— TO DO —
Tell how many lines contain the string "opgenomen" in the material underneath; the reply is that number and no more.

※

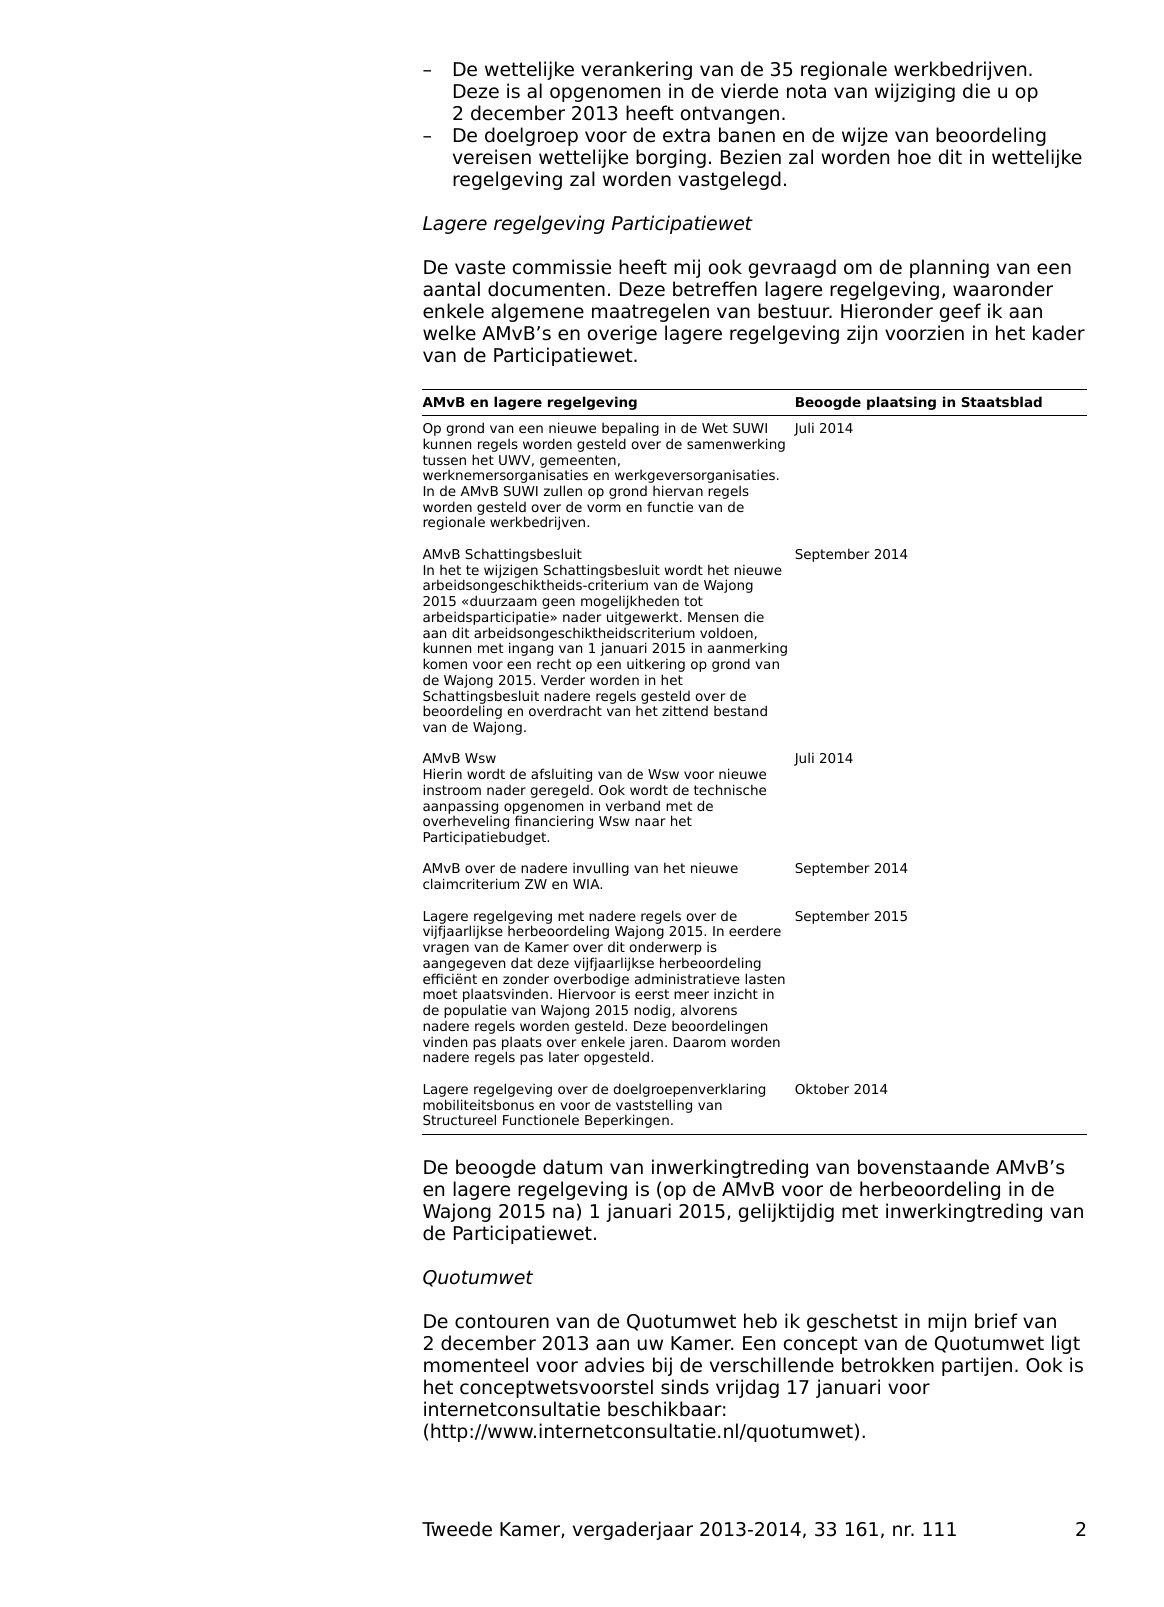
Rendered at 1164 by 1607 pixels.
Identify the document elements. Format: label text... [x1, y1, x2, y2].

table_cell [422, 736, 788, 751]
subtitle Quotumwet [422, 1267, 1087, 1289]
table_cell September 2014 [789, 547, 1087, 736]
text De beoogde datum van inwerkingtreding van bovenstaande AMvB’s en lagere regelgeving is (op de AMvB voor de herbeoordeling in de Wajong 2015 na) 1 januari 2015, gelijktijdig met inwerkingtreding van de Participatiewet. [422, 1157, 1087, 1244]
table_cell [422, 1066, 788, 1082]
table_cell AMvB Wsw Hierin wordt de afsluiting van de Wsw voor nieuwe instroom nader geregeld. Ook wordt de technische aanpassing opgenomen in verband met de overheveling financiering Wsw naar het Participatiebudget. [422, 751, 788, 846]
table_cell Lagere regelgeving over de doelgroepenverklaring mobiliteitsbonus en voor de vaststelling van Structureel Functionele Beperkingen. [422, 1082, 788, 1133]
table_header Beoogde plaatsing in Staatsblad [789, 390, 1087, 415]
table_cell [422, 893, 788, 908]
table_cell [789, 531, 1087, 547]
table_cell Juli 2014 [789, 751, 1087, 846]
text De contouren van de Quotumwet heb ik geschetst in mijn brief van 2 december 2013 aan uw Kamer. Een concept van de Quotumwet ligt momenteel voor advies bij de verschillende betrokken partijen. Ook is het conceptwetsvoorstel sinds vrijdag 17 januari voor internetconsultatie beschikbaar: [422, 1311, 1087, 1421]
table_cell [789, 736, 1087, 751]
table_cell September 2015 [789, 909, 1087, 1066]
table_cell [789, 846, 1087, 861]
table_cell [422, 531, 788, 547]
table_header AMvB en lagere regelgeving [422, 390, 788, 415]
table_cell [422, 846, 788, 861]
table_cell Lagere regelgeving met nadere regels over de vijfjaarlijkse herbeoordeling Wajong 2015. In eerdere vragen van de Kamer over dit onderwerp is aangegeven dat deze vijfjaarlijkse herbeoordeling efficiënt en zonder overbodige administratieve lasten moet plaatsvinden. Hiervoor is eerst meer inzicht in de populatie van Wajong 2015 nodig, alvorens nadere regels worden gesteld. Deze beoordelingen vinden pas plaats over enkele jaren. Daarom worden nadere regels pas later opgesteld. [422, 909, 788, 1066]
table_cell Oktober 2014 [789, 1082, 1087, 1133]
table_cell [789, 1066, 1087, 1082]
table_cell AMvB Schattingsbesluit In het te wijzigen Schattingsbesluit wordt het nieuwe arbeidsongeschiktheids-criterium van de Wajong 2015 «duurzaam geen mogelijkheden tot arbeidsparticipatie» nader uitgewerkt. Mensen die aan dit arbeidsongeschiktheidscriterium voldoen, kunnen met ingang van 1 januari 2015 in aanmerking komen voor een recht op een uitkering op grond van de Wajong 2015. Verder worden in het Schattingsbesluit nadere regels gesteld over de beoordeling en overdracht van het zittend bestand van de Wajong. [422, 547, 788, 736]
text De vaste commissie heeft mij ook gevraagd om de planning van een aantal documenten. Deze betreffen lagere regelgeving, waaronder enkele algemene maatregelen van bestuur. Hieronder geef ik aan welke AMvB’s en overige lagere regelgeving zijn voorzien in het kader van de Participatiewet. [422, 257, 1087, 367]
text – De doelgroep voor de extra banen en de wijze van beoordeling vereisen wettelijke borging. Bezien zal worden hoe dit in wettelijke regelgeving zal worden vastgelegd. [422, 125, 1087, 191]
text – De wettelijke verankering van de 35 regionale werkbedrijven. Deze is al opgenomen in de vierde nota van wijziging die u op 2 december 2013 heeft ontvangen. [422, 59, 1087, 125]
table_cell September 2014 [789, 861, 1087, 893]
table_cell Juli 2014 [789, 416, 1087, 531]
table_cell Op grond van een nieuwe bepaling in de Wet SUWI kunnen regels worden gesteld over de samenwerking tussen het UWV, gemeenten, werknemersorganisaties en werkgeversorganisaties. In de AMvB SUWI zullen op grond hiervan regels worden gesteld over de vorm en functie van de regionale werkbedrijven. [422, 416, 788, 531]
text (http://www.internetconsultatie.nl/quotumwet). [422, 1421, 1087, 1443]
table_cell AMvB over de nadere invulling van het nieuwe claimcriterium ZW en WIA. [422, 861, 788, 893]
table_cell [789, 893, 1087, 908]
subtitle Lagere regelgeving Participatiewet [422, 213, 1087, 235]

※

— OUTPUT FOR THIS EXERCISE —
2